O globo, n. 30.162, 06/03/2016. Rio, p. 12

Retrato do zika no estado

Pesquisa com fetos infectados pelo vírus mostra que quase um terço sofreu defeitos congênitos

Por: ANA LUCIA AZEVEDO

 

Um estudo com grávidas do estado mostra novas evidências de que o vírus zika causa anomalias graves em fetos. Publicada ontem no site da revista científica “The New England Journal of Medicine”, a pesquisa foi realizada por cientistas da Fundação Oswaldo Cruz (Fiocruz) e da Universidade da Califórnia com 88 gestantes do município do Rio, da Baixada Fluminense e de Teresópolis, na Região Serrana. O levantamento mostrou que 72 estavam infectadas, e 42 aceitaram ser acompanhadas pelos cientistas ao longo da gestação. Doze delas — 29% — geraram bebês com problemas congênitos.

O trabalho da Fiocruz e da Universidade da Califórnia foi o primeiro estudo sobre deformidades congênitas severas em fetos do Rio publicado em uma revista científica internacional.

“Nossas descobertas são importantes porque 29% das ultrassonografias mostraram anormalidades, incluindo restrição de crescimento intrauterino, alterações no sistema nervoso central e morte, nos fetos de mulheres positivas para infecção por zika. Eram todas mulheres saudáveis, com nenhum outro fator de risco ou complicações na gestação”, escreveram os autores do estudo na “New England Journal of Medicine”.

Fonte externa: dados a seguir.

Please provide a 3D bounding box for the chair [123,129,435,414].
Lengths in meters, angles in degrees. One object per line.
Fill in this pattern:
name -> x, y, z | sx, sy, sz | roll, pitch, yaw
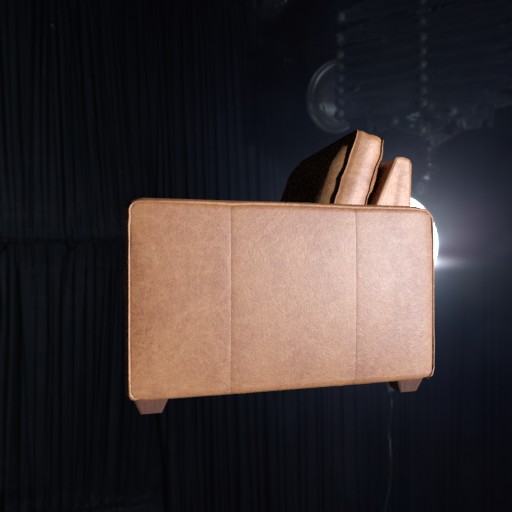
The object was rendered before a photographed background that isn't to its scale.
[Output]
chair -> 0.000, 0.000, 1.778 | 1.027, 0.901, 0.987 | 0, 0, -17
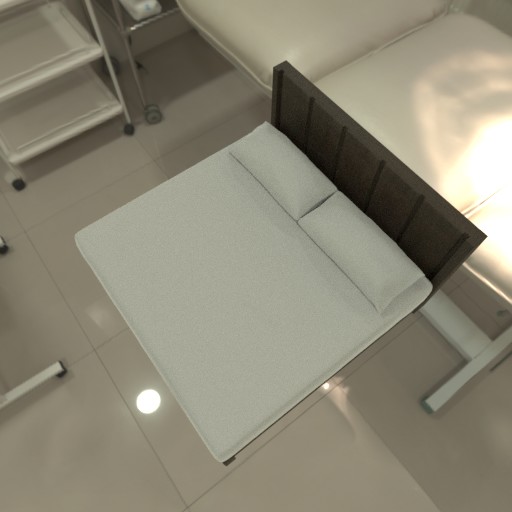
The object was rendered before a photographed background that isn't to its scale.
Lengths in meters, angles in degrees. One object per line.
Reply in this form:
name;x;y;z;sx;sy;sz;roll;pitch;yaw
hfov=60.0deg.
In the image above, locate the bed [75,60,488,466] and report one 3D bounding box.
bed;0.000;0.000;3.571;2.238;1.261;2.143;-34;67;-16
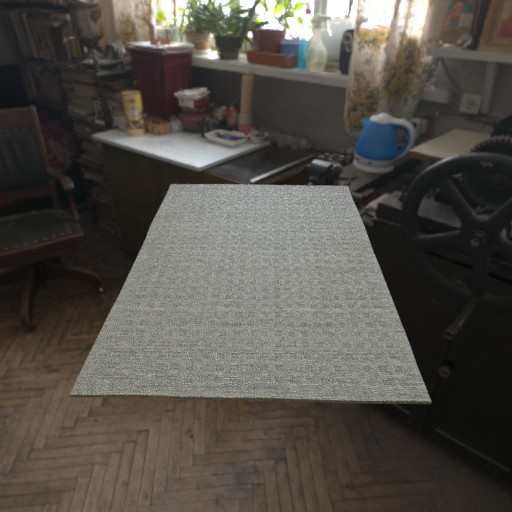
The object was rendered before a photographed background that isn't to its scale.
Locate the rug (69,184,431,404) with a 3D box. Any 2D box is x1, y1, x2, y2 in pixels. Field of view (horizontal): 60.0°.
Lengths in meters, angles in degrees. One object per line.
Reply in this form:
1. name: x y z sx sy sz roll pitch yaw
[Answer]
1. rug: 0.000 0.000 2.840 1.532 0.018 2.297 1 32 1
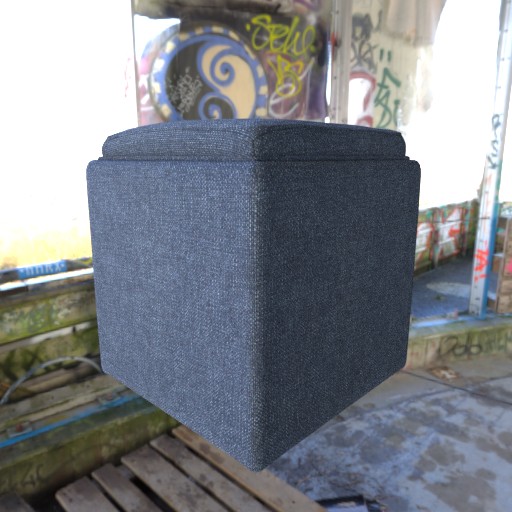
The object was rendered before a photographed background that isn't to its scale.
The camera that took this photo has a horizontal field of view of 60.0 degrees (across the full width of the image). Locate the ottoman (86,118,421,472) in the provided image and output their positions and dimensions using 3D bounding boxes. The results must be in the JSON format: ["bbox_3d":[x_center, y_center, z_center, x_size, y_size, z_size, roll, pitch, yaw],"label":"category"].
[{"bbox_3d":[0.000,0.000,0.850,0.436,0.493,0.454,12,17,43],"label":"ottoman"}]
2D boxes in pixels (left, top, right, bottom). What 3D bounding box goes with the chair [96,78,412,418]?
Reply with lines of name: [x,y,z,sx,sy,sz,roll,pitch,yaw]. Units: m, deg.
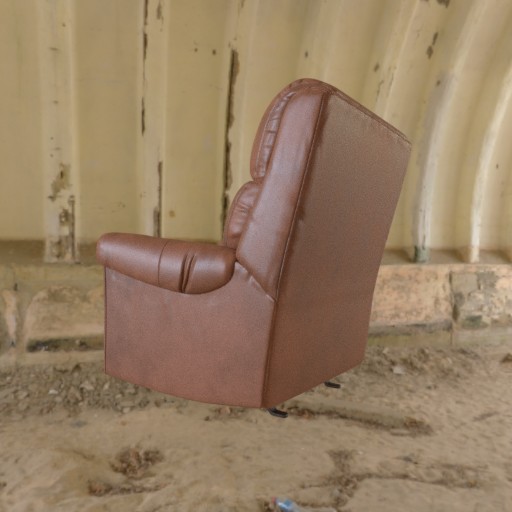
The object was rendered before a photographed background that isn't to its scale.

Os pesquisadores acompanharam as gestantes de setembro de 2015 a fevereiro de 2016. Das 88 mulheres, 72 (82%) tiveram resultado positivo para a zika em exames de PCR (moleculares) no sangue, na urina ou em ambos. O estudo foi realizado com grávidas de dez municípios fluminenses. O estudo localiza 65 casos. Na capital, 32 gestantes foram acompanhadas. Em Duque de Caxias, dez; em São João de Meriti, oito; em São Gonçalo, sete; em Nova Iguaçu, três; e em Magé, Belford Roxo, Queimados, Niterói e Teresópolis, uma grávida em cada um.

O critério para a inclusão das grávidas no estudo foi a apresentação de sintomas clínicos da infecção pelo vírus zika. Todas tinham exantemas, as erupções na pele características da infecção. A febre, porém, não foi um sintoma frequente ou intenso.

Um dos primeiros passos da pesquisa foi descartar outras infecções que podem causar defeitos congênitos, como rubéola e citomegalovírus, por exemplo. Nenhuma das grávidas tinha sífilis — outra doença que pode levar a problemas na gestação. Elas não apresentavam qualquer outro problema de saúde além de zika.

O estudo observa que duas das gestantes tiveram aborto espontâneo dos fetos durante o primeiro trimestre da gravidez — outras pesquisas já indicaram que os fetos podem ser tão afetados que acabam morrendo no ventre. As 42 mulheres que foram examinadas por meio de ultrassonografias ao longo do estudo tiveram zika entre a sexta e a 25ª semana de gestação. De acordo com o estudo publicado na “The New England Journal of Medicine”, as outras 30 infectadas não quiseram ser acompanhadas pelos cientistas por dificuldades de locomoção ou por medo de saberem quais anomalias seus bebês teriam.

 

MICROCEFALIA E SÍNDROME QUE PARALISA

O estudo com as grávidas do Estado do Rio começou a ser realizado antes da decretação da emergência pelo Ministério da Saúde, em novembro do ano passado. O vírus zika foi identificado pela primeira vez no Brasil em abril de 2015 e hoje, menos de um ano depois, já se propagou por quase todo o país. Apontado como a possível causa de um aumento do número de casos de microcefalia e defeitos neurológicos severos em bebês — o Ministério da Saúde investiga 4.222 casos suspeitos —, o vírus não ameaça apenas gestantes. O Brasil é um dos países onde, provavelmente por conta do zika, houve uma explosão de casos da síndrome de Guillain-Barré, que afeta o sistema nervoso central e causa paralisia e, em alguns casos, até a morte.

O GLOBO mostra, no infográfico abaixo, as principais informações disponíveis até agora sobre o vírus para ajudar a população a conhecer e a combater o inimigo, que será tema, a partir de amanhã, de uma reunião do Comitê de Emergência da Organização Mundial de Saúde (OMS). Um grupo de pesquisadores de vários países, inclusive do Brasil, se reunirá para rever recomendações sobre as viagens e o comércio internacionais. Eles também discutirão novas estratégias de combate à doença.